Stored dataset items
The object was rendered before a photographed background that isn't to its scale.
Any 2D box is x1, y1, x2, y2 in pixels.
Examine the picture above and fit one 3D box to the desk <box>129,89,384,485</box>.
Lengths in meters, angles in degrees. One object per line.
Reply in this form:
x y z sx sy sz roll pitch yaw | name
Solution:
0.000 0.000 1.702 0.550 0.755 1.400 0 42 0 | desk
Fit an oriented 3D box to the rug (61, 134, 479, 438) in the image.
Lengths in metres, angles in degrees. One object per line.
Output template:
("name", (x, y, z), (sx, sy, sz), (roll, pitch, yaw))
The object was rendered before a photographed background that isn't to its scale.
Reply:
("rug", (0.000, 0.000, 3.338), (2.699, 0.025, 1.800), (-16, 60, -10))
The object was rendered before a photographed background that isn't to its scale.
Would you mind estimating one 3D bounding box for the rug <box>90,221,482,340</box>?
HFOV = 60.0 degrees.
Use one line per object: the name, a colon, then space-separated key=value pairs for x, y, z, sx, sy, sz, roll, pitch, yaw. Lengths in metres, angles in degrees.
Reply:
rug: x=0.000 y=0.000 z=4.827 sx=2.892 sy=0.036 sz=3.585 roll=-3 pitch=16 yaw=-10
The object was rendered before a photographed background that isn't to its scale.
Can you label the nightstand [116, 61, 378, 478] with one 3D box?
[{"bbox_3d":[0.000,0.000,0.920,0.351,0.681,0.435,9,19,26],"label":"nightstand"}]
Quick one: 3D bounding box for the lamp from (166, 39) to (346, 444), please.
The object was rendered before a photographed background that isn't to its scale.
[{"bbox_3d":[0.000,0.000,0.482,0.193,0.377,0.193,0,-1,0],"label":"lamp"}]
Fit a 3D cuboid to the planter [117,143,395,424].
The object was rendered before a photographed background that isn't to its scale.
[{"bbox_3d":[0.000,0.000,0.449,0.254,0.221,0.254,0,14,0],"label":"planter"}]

TASK GOAL =>
Please return all lines above in which the string "name" is found.

TASK RESULT =>
x y z sx sy sz roll pitch yaw | name
("name", (x, y, z), (sx, sy, sz), (roll, pitch, yaw))
Use one line per object: the name, a colon, then space-separated key=value pairs for x, y, z, sx, sy, sz, roll, pitch, yaw. Lengths in metres, angles in degrees.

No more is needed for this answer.